Harmonica players walked with the marchers, belting out There’s a Long, Long Trail, Tipperary and their ilk
There are certain British place names that carry an enduring weight of meaning; a deep and sonorous ring, and not always a pleasant one. Hillsborough, Orgreave, Aberfan, Armagh… these are all places that have become synonymous with some great and profound emotion or event, woven into history through accident, struggle, tragedy, wickedness or bravery. Jarrow is another. In 1936, this industrial town in the northeast of England became, in the words of its MP, “the most famous town in England”; a byword for hardship and misery, but also for defiance, fortitude and dignity.
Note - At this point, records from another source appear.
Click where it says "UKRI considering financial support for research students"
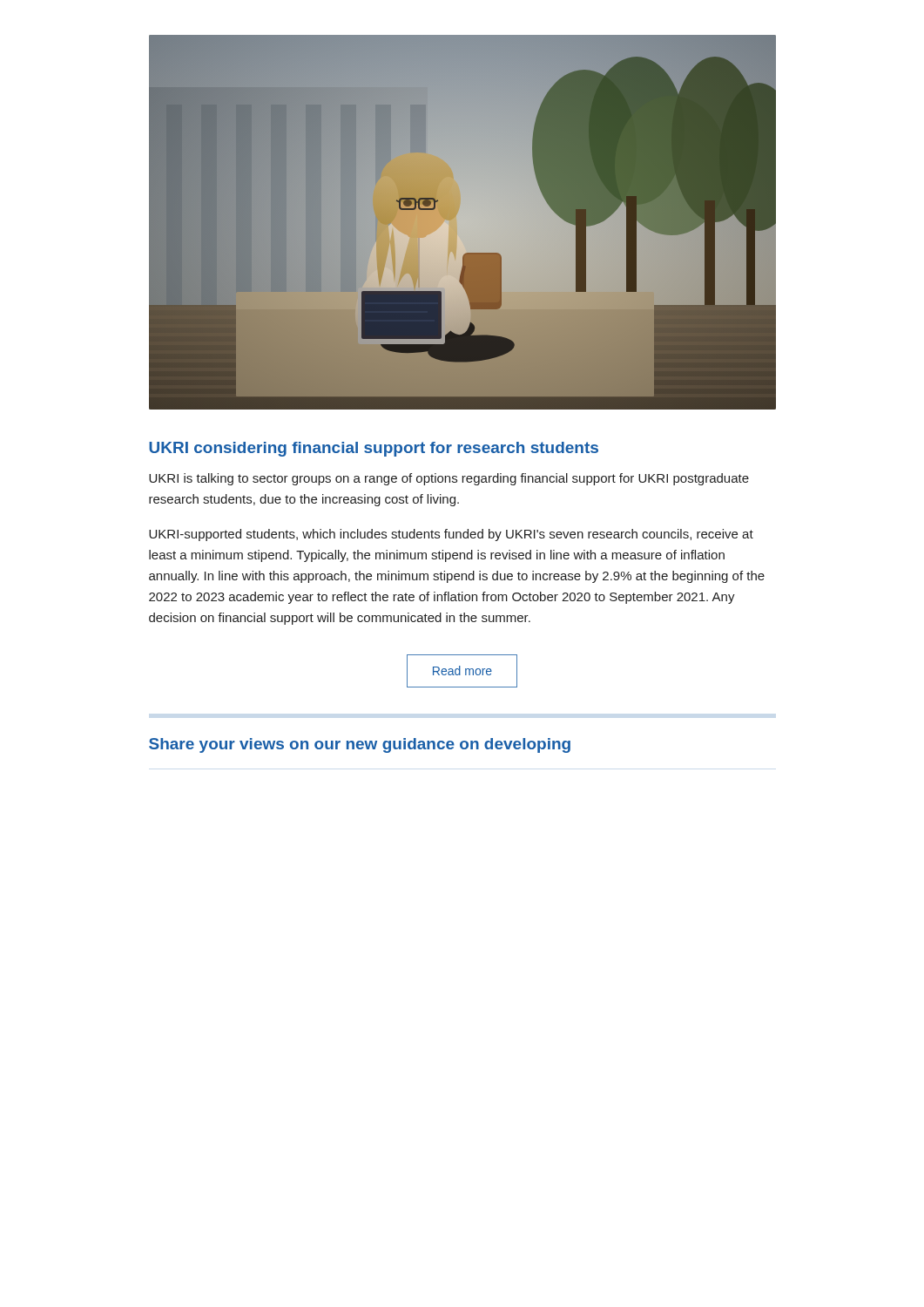 [x=374, y=447]
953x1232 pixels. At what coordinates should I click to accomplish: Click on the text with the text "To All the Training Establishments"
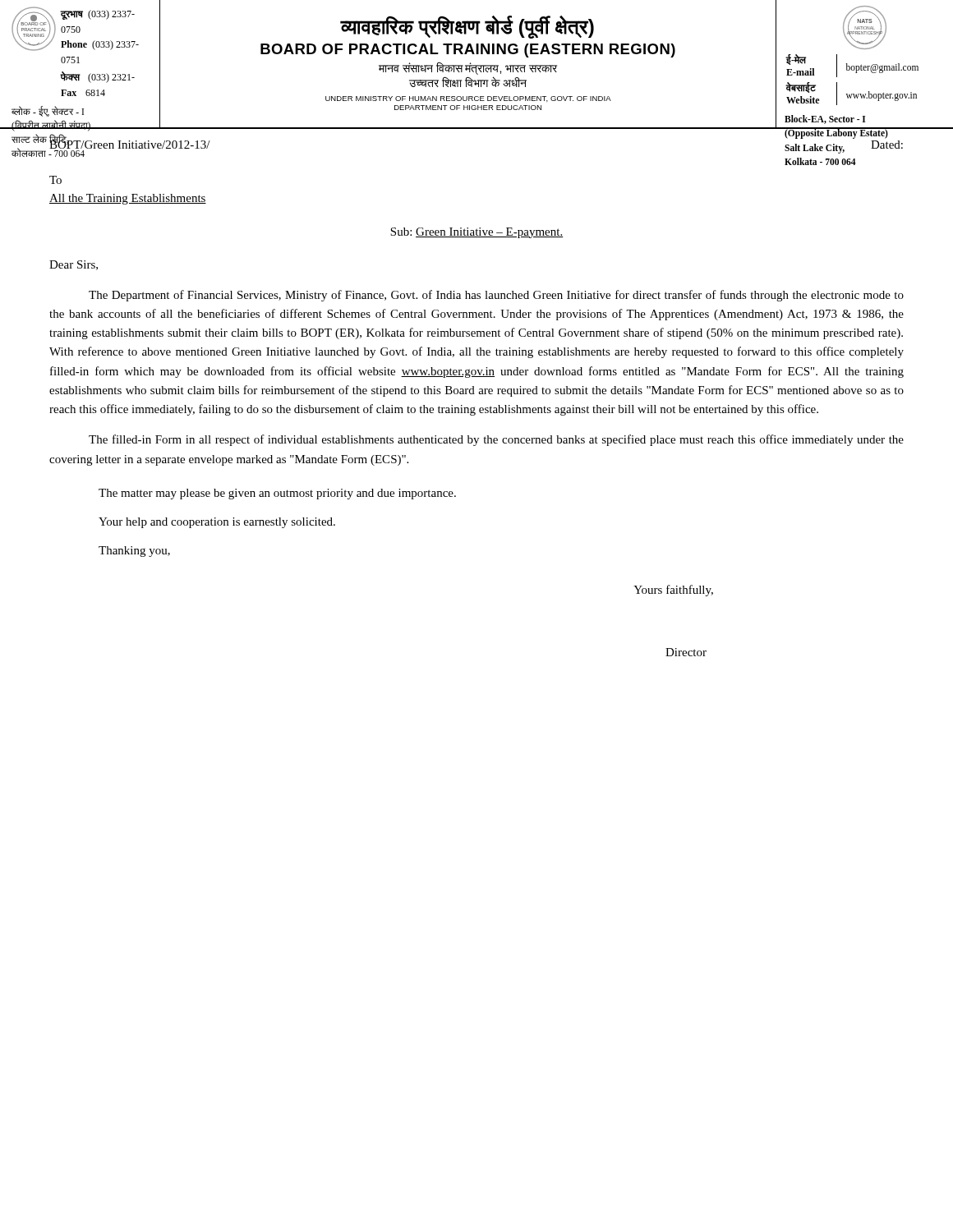coord(55,180)
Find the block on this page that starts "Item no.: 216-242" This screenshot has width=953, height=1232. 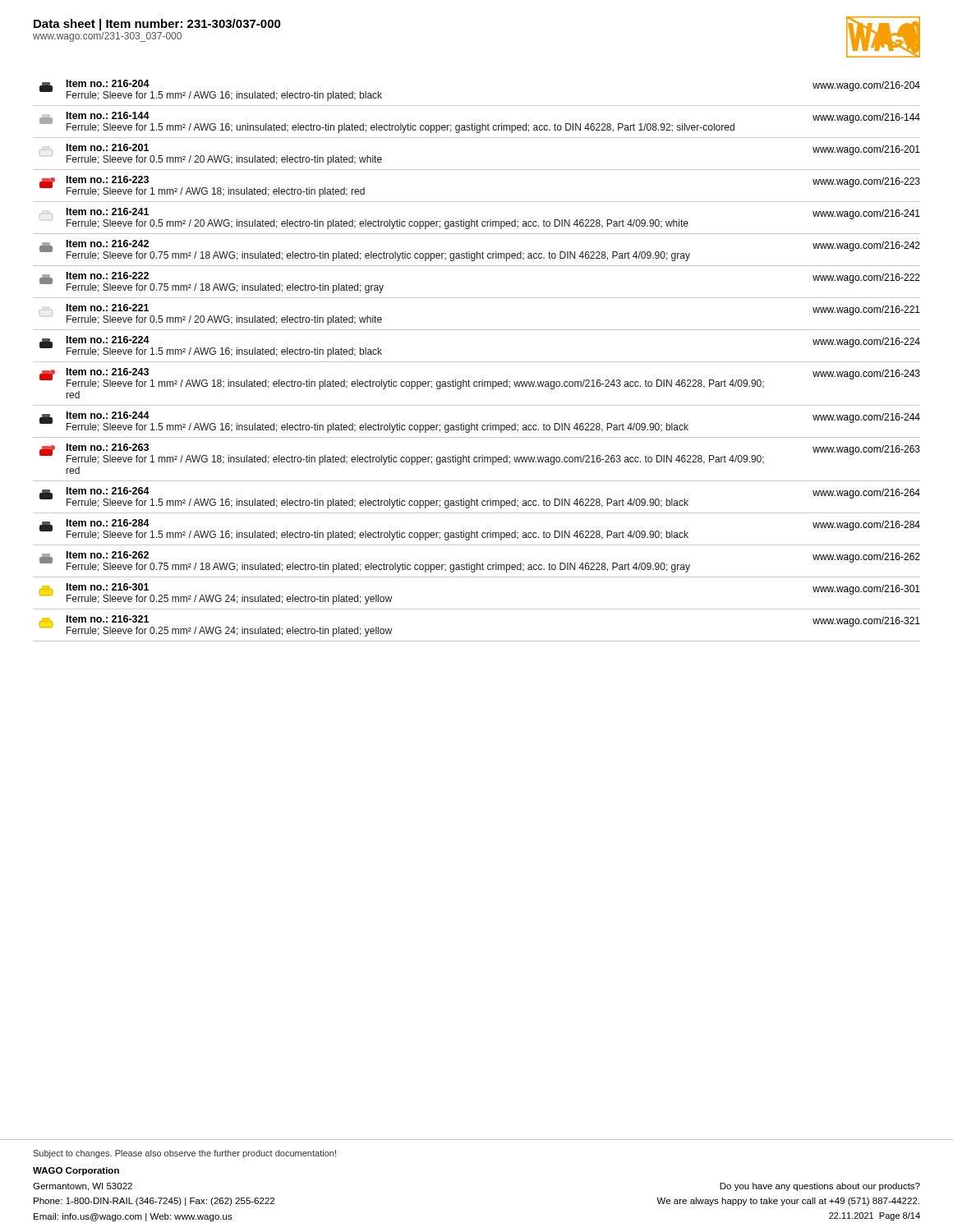click(x=476, y=250)

Jarrow’s MP was Ellen Wilkinson, better known as ‘Red’ Ellen, a brilliant and passionate firebrand who later became a pillar of Clement Attlee’s post-war Labour administration as Minister for Education. But much of her lasting fame rests on her movements in October 1936, when she led 200 of Jarrow’s unemployed men 300 miles to London. The intention was to publicise Jarrow’s plight and to deliver a petition of 10,000 signatures to Conservative Prime Minister Stanley Baldwin, pleading for help for their dying town in the form of a steelworks, or a similar shot in the arm. Baldwin refused to see them; the petition was taken from them by the Special Branch and then it vanished, and the aid the town needed was never properly given.